The Oceans Act allows the Minister of Fisheries and Oceans to establish some areas, the Canada National Parks Act allows the Minister of the Environment to establish national marine conservation areas, and the Canada Wildlife Act allows the Minister of the Environment as well to establish marine national wildlife areas. All three of those tools have been and are being used to varying degrees in a mix. The federal departments involved worked quite closely to identify chunks of the landscape, or I should say seascape, rather, that are of highest priority. So there's a lot of coordination among the federal community.
As part of the budget deliberations that you're engaged in here today, I'd also note that the government has renewed funding for the health of the oceans initiative, and so this funding base for the Department of Fisheries and Oceans and for others with respect to marine protected areas has continued.
Insofar as the 10% target is concerned, I think that all participants in that process would recognize that's an aspirational target, and what one counts and one doesn't is certainly a matter of policy debate and discussion. Certainly the department is continuing to orient its efforts toward the achievement of that. The investments through HOTO and other things I think will move us along in that regard.

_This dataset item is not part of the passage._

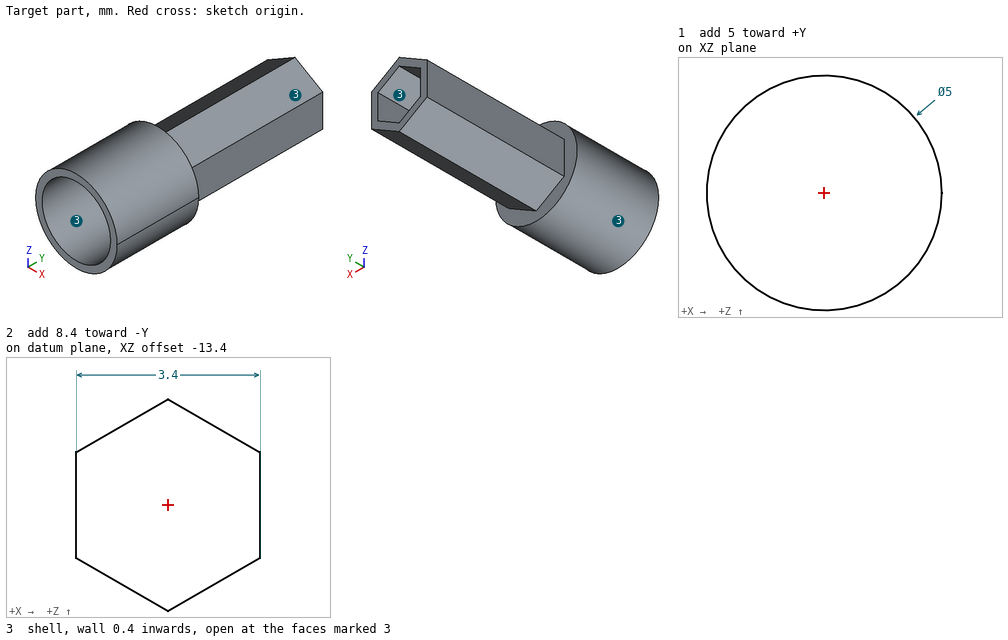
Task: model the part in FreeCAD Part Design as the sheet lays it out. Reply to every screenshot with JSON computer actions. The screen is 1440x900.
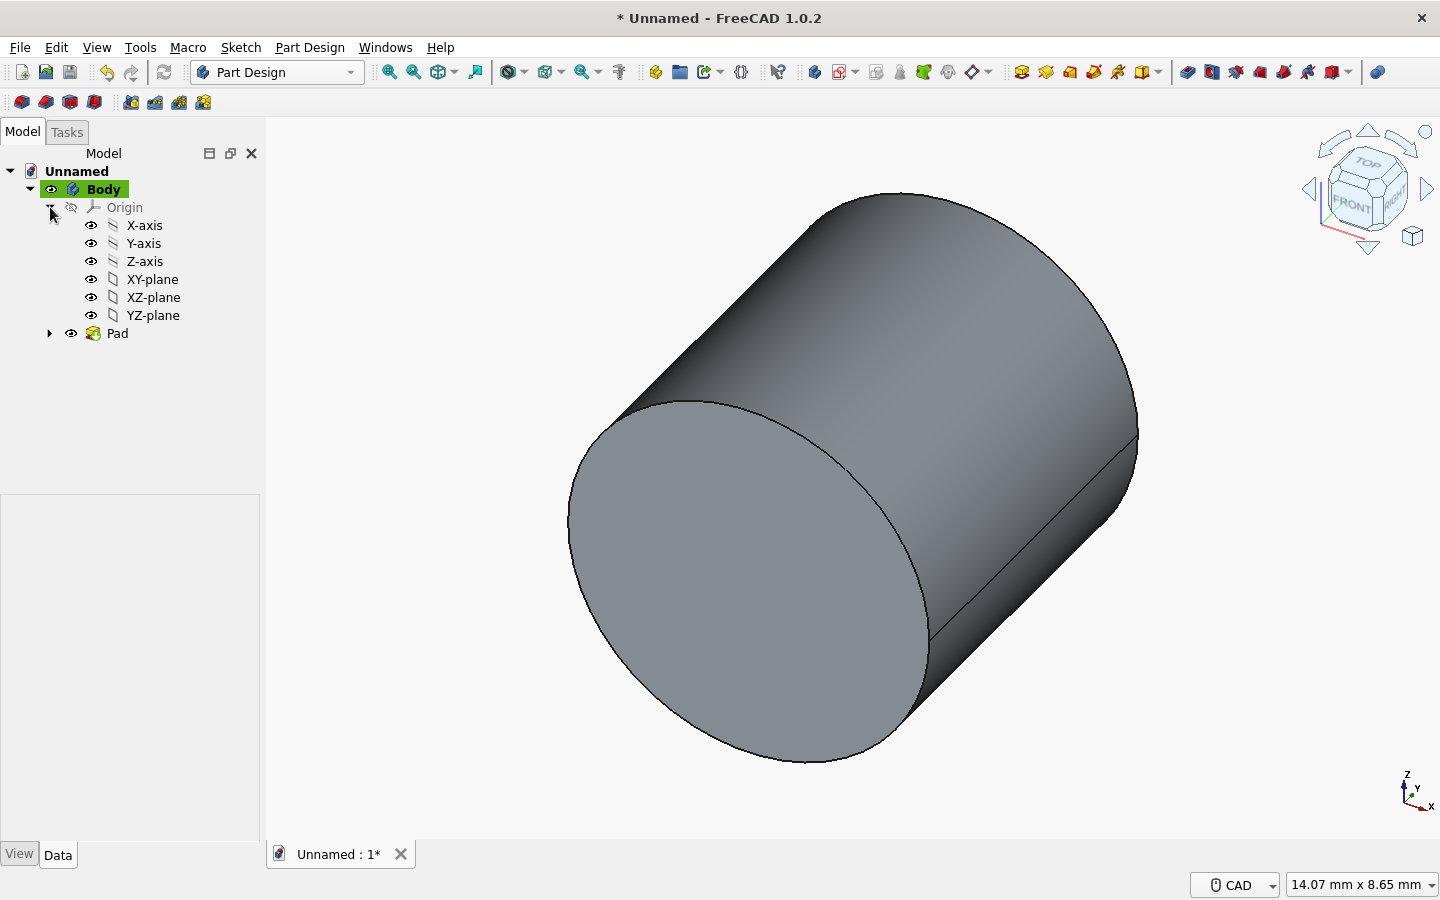
{"action": "left_click", "coordinate": [136, 297]}

With respect to your question, finally, on the development of a national strategy, certainly we have concluded over time that probably it makes the most sense to work on all three oceans as opposed to a strategy that treats all oceans as the same, because they're not. The jurisdictional and management arrangements differ from ocean to ocean to ocean. Certainly the federal government is trying to take as consistent an approach as it can in its programming. But because the nature of the conservation initiatives in all three oceans differs, our focus—while maintaining national consistency—is much more ocean by ocean than on a single “one size fits all” in all three ocean contexts.